[Data for the task — start]
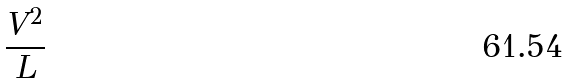<formula> <loc_0><loc_0><loc_500><loc_500>\frac { V ^ { 2 } } { L }</formula> 
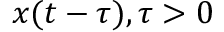Convert formula to latex. <formula><loc_0><loc_0><loc_500><loc_500>x ( t - \tau ) , \tau > 0</formula> 
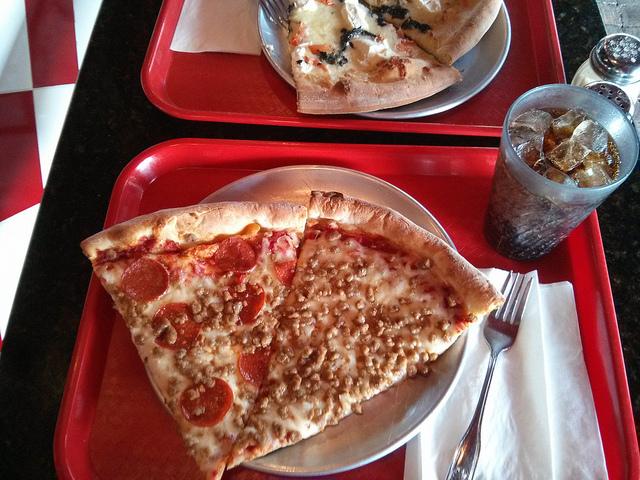Is this breakfast?
Be succinct. No. Is the liquid in the glass water?
Concise answer only. No. Is the fork necessary?
Concise answer only. No. 
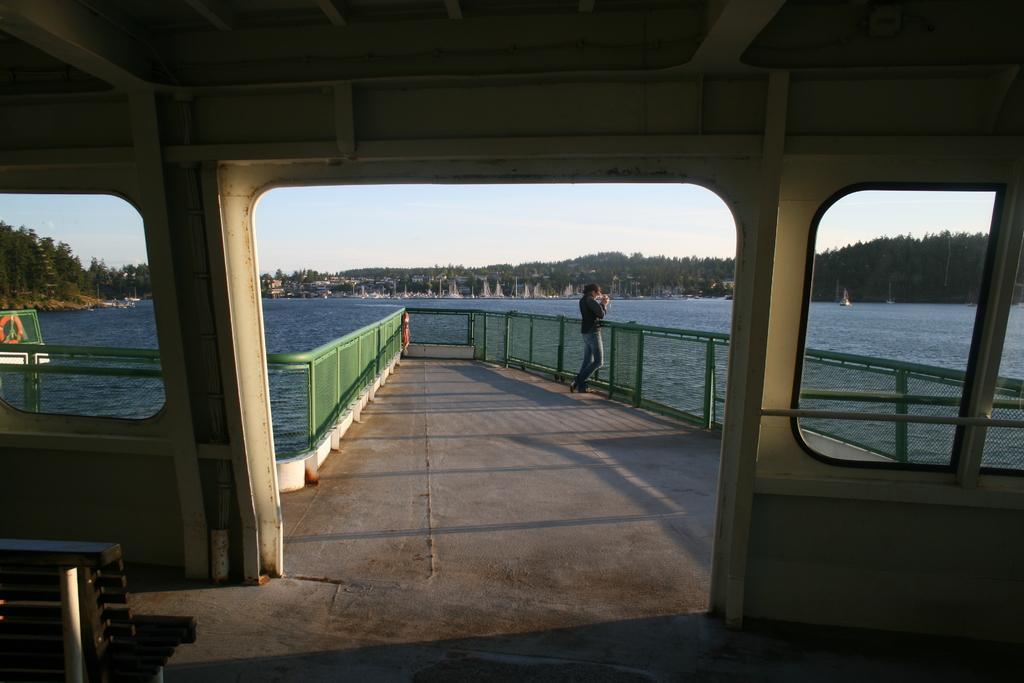Please provide a concise description of this image. This image is taken from a room having a bench. Behind the wall there is fence. A person is standing before a fence. There is water. Behind there are few trees on the land. Top of it there is sky. 
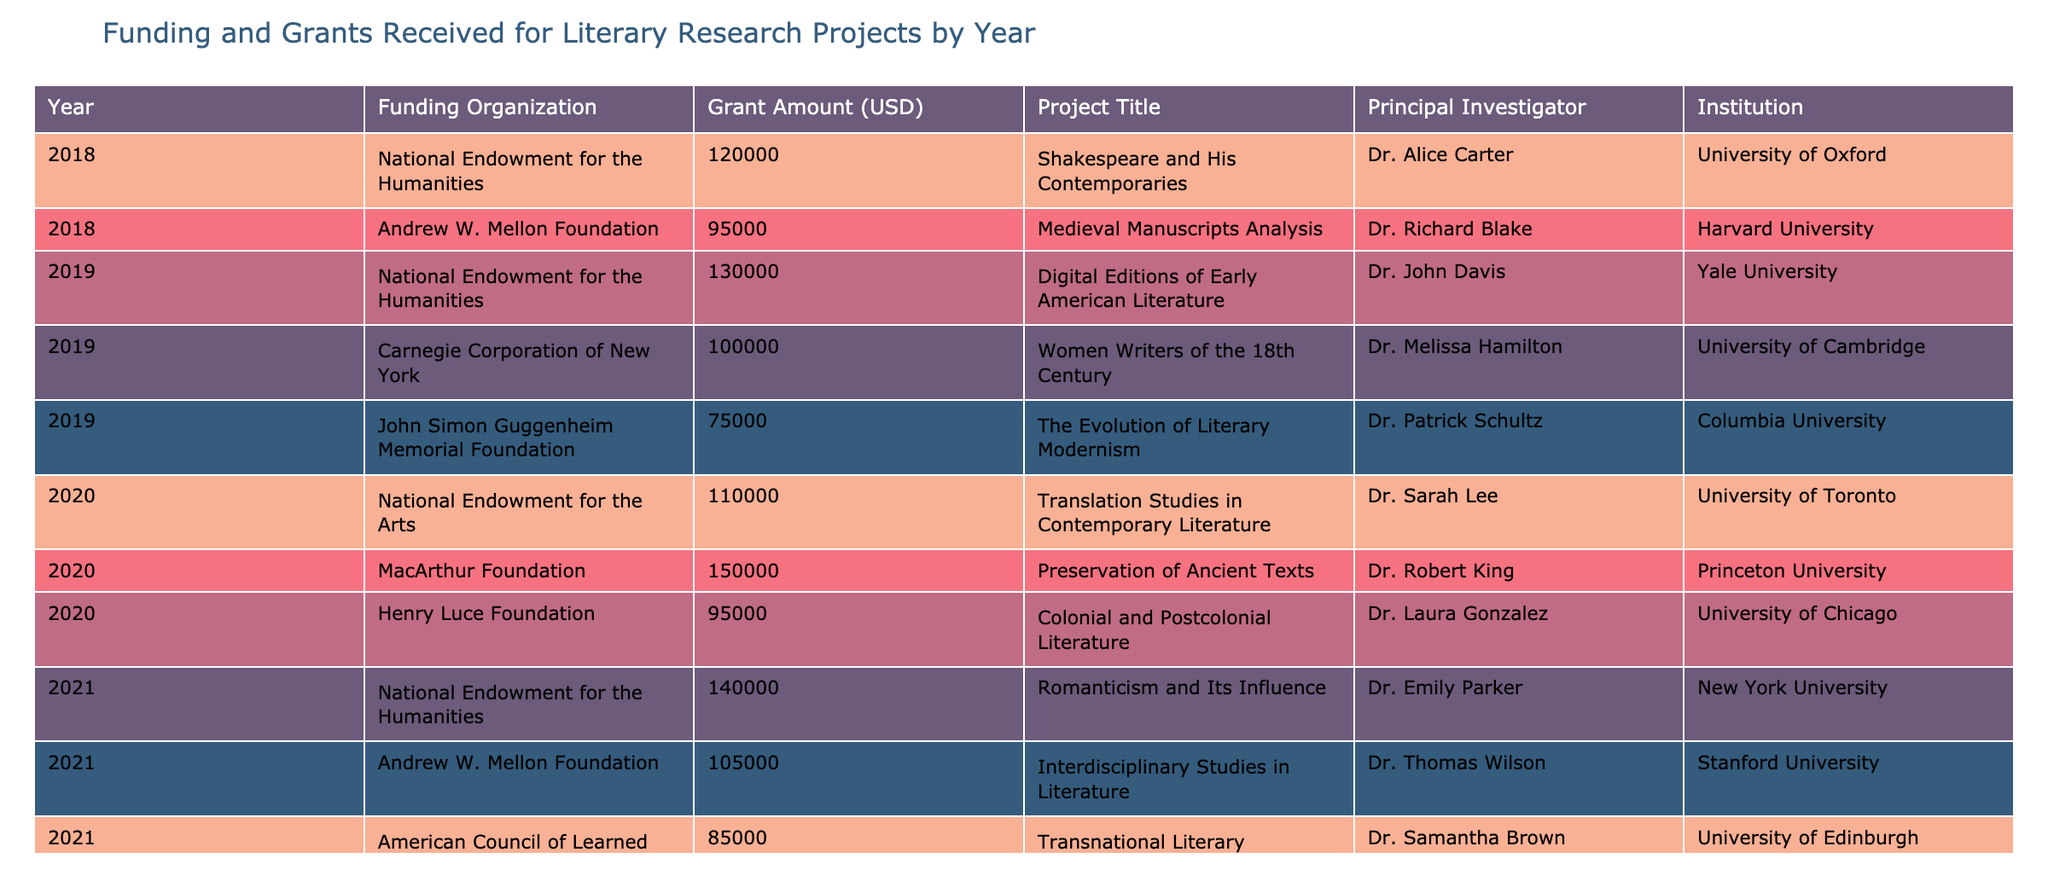What was the total grant amount received in 2019? To find the total grant amount for 2019, I need to sum the grant amounts for all entries from that year: 130000 + 100000 + 75000 = 305000.
Answer: 305000 Which institution received the highest grant amount in 2020? In 2020, the grants were received by three institutions with amounts of 110000, 150000, and 95000. The highest amount is 150000 which was awarded to Princeton University.
Answer: Princeton University Was there any project in 2022 funded by the Andrew W. Mellon Foundation? Looking through the 2022 row, it's clear that there are grants from the National Endowment for the Arts, Carnegie Corporation of New York, and John Simon Guggenheim Memorial Foundation, but none from the Andrew W. Mellon Foundation.
Answer: No What is the average grant amount across all years listed? To find the average, I need to sum all the grant amounts: 120000 + 95000 + 130000 + 100000 + 75000 + 110000 + 150000 + 95000 + 140000 + 105000 + 85000 + 115000 + 120000 + 80000 = 1435000. There are 13 grants in total, so the average is 1435000 / 13 = 110384.62.
Answer: 110384.62 Which year had the lowest total grant funding? I need to first calculate the total grant funding for each year: 2018 = 215000, 2019 = 305000, 2020 = 305000, 2021 = 330000, 2022 = 320000. The year with the lowest total is 2018 with 215000.
Answer: 2018 
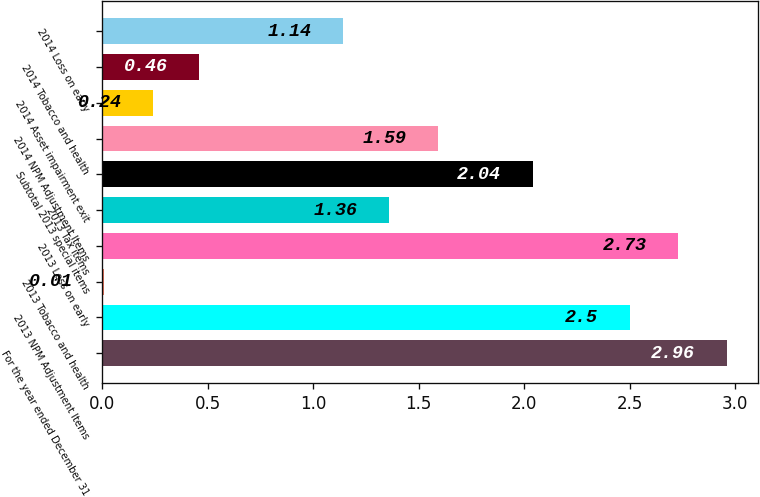Convert chart to OTSL. <chart><loc_0><loc_0><loc_500><loc_500><bar_chart><fcel>For the year ended December 31<fcel>2013 NPM Adjustment Items<fcel>2013 Tobacco and health<fcel>2013 Loss on early<fcel>2013 Tax items<fcel>Subtotal 2013 special items<fcel>2014 NPM Adjustment Items<fcel>2014 Asset impairment exit<fcel>2014 Tobacco and health<fcel>2014 Loss on early<nl><fcel>2.96<fcel>2.5<fcel>0.01<fcel>2.73<fcel>1.36<fcel>2.04<fcel>1.59<fcel>0.24<fcel>0.46<fcel>1.14<nl></chart> 
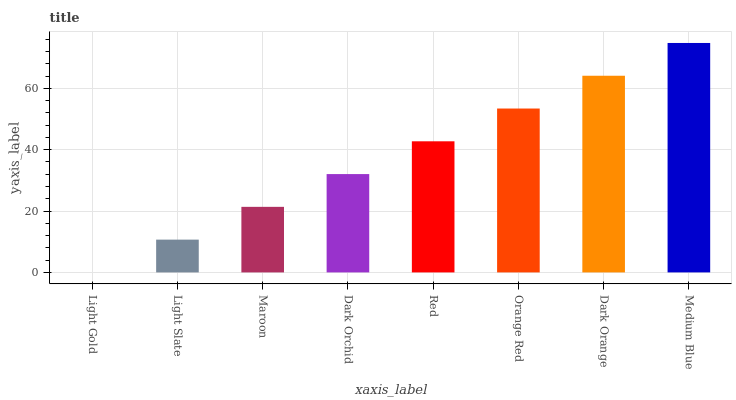Is Light Gold the minimum?
Answer yes or no. Yes. Is Medium Blue the maximum?
Answer yes or no. Yes. Is Light Slate the minimum?
Answer yes or no. No. Is Light Slate the maximum?
Answer yes or no. No. Is Light Slate greater than Light Gold?
Answer yes or no. Yes. Is Light Gold less than Light Slate?
Answer yes or no. Yes. Is Light Gold greater than Light Slate?
Answer yes or no. No. Is Light Slate less than Light Gold?
Answer yes or no. No. Is Red the high median?
Answer yes or no. Yes. Is Dark Orchid the low median?
Answer yes or no. Yes. Is Light Slate the high median?
Answer yes or no. No. Is Maroon the low median?
Answer yes or no. No. 
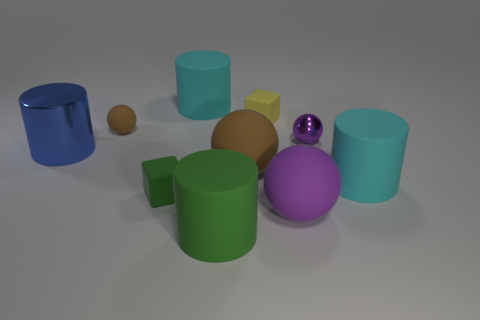What number of objects are either green matte spheres or shiny balls?
Ensure brevity in your answer.  1. There is another purple object that is the same shape as the small metallic thing; what is its size?
Keep it short and to the point. Large. The purple metal sphere is what size?
Keep it short and to the point. Small. Are there more large blue things that are to the right of the tiny yellow cube than large green cylinders?
Provide a succinct answer. No. Is there anything else that has the same material as the big purple object?
Your answer should be very brief. Yes. Does the rubber cylinder that is right of the big purple ball have the same color as the tiny matte object left of the tiny green cube?
Keep it short and to the point. No. There is a blue cylinder that is left of the small object left of the small object that is in front of the small purple thing; what is it made of?
Your response must be concise. Metal. Are there more tiny cyan metallic blocks than tiny yellow matte things?
Make the answer very short. No. Is there anything else that has the same color as the large metal cylinder?
Provide a succinct answer. No. There is a green cylinder that is the same material as the big purple thing; what size is it?
Give a very brief answer. Large.
[Data for the task — finish]
Return the entries above exactly as they appear. Pictures should not be copied.

Task solution:
<formula> <loc_0><loc_0><loc_500><loc_500>\frac { V ^ { 2 } } { L }</formula> 
Convert formula to latex. <formula><loc_0><loc_0><loc_500><loc_500>x ( t - \tau ) , \tau > 0</formula> 
Is this breakfast?
Be succinct. No. Is the liquid in the glass water?
Concise answer only. No. Is the fork necessary?
Concise answer only. No. 
Please provide a concise description of this image. This image is taken from a room having a bench. Behind the wall there is fence. A person is standing before a fence. There is water. Behind there are few trees on the land. Top of it there is sky. 
What was the total grant amount received in 2019? To find the total grant amount for 2019, I need to sum the grant amounts for all entries from that year: 130000 + 100000 + 75000 = 305000.
Answer: 305000 Which institution received the highest grant amount in 2020? In 2020, the grants were received by three institutions with amounts of 110000, 150000, and 95000. The highest amount is 150000 which was awarded to Princeton University.
Answer: Princeton University Was there any project in 2022 funded by the Andrew W. Mellon Foundation? Looking through the 2022 row, it's clear that there are grants from the National Endowment for the Arts, Carnegie Corporation of New York, and John Simon Guggenheim Memorial Foundation, but none from the Andrew W. Mellon Foundation.
Answer: No What is the average grant amount across all years listed? To find the average, I need to sum all the grant amounts: 120000 + 95000 + 130000 + 100000 + 75000 + 110000 + 150000 + 95000 + 140000 + 105000 + 85000 + 115000 + 120000 + 80000 = 1435000. There are 13 grants in total, so the average is 1435000 / 13 = 110384.62.
Answer: 110384.62 Which year had the lowest total grant funding? I need to first calculate the total grant funding for each year: 2018 = 215000, 2019 = 305000, 2020 = 305000, 2021 = 330000, 2022 = 320000. The year with the lowest total is 2018 with 215000.
Answer: 2018 
Convert chart to OTSL. <chart><loc_0><loc_0><loc_500><loc_500><bar_chart><fcel>For the year ended December 31<fcel>2013 NPM Adjustment Items<fcel>2013 Tobacco and health<fcel>2013 Loss on early<fcel>2013 Tax items<fcel>Subtotal 2013 special items<fcel>2014 NPM Adjustment Items<fcel>2014 Asset impairment exit<fcel>2014 Tobacco and health<fcel>2014 Loss on early<nl><fcel>2.96<fcel>2.5<fcel>0.01<fcel>2.73<fcel>1.36<fcel>2.04<fcel>1.59<fcel>0.24<fcel>0.46<fcel>1.14<nl></chart> 
Is Light Gold the minimum?
Answer yes or no. Yes. Is Medium Blue the maximum?
Answer yes or no. Yes. Is Light Slate the minimum?
Answer yes or no. No. Is Light Slate the maximum?
Answer yes or no. No. Is Light Slate greater than Light Gold?
Answer yes or no. Yes. Is Light Gold less than Light Slate?
Answer yes or no. Yes. Is Light Gold greater than Light Slate?
Answer yes or no. No. Is Light Slate less than Light Gold?
Answer yes or no. No. Is Red the high median?
Answer yes or no. Yes. Is Dark Orchid the low median?
Answer yes or no. Yes. Is Light Slate the high median?
Answer yes or no. No. Is Maroon the low median?
Answer yes or no. No. 
What number of objects are either green matte spheres or shiny balls?
Ensure brevity in your answer.  1. There is another purple object that is the same shape as the small metallic thing; what is its size?
Keep it short and to the point. Large. The purple metal sphere is what size?
Keep it short and to the point. Small. Are there more large blue things that are to the right of the tiny yellow cube than large green cylinders?
Provide a succinct answer. No. Is there anything else that has the same material as the big purple object?
Your answer should be very brief. Yes. Does the rubber cylinder that is right of the big purple ball have the same color as the tiny matte object left of the tiny green cube?
Keep it short and to the point. No. There is a blue cylinder that is left of the small object left of the small object that is in front of the small purple thing; what is it made of?
Your response must be concise. Metal. Are there more tiny cyan metallic blocks than tiny yellow matte things?
Make the answer very short. No. Is there anything else that has the same color as the large metal cylinder?
Provide a succinct answer. No. There is a green cylinder that is the same material as the big purple thing; what size is it?
Give a very brief answer. Large.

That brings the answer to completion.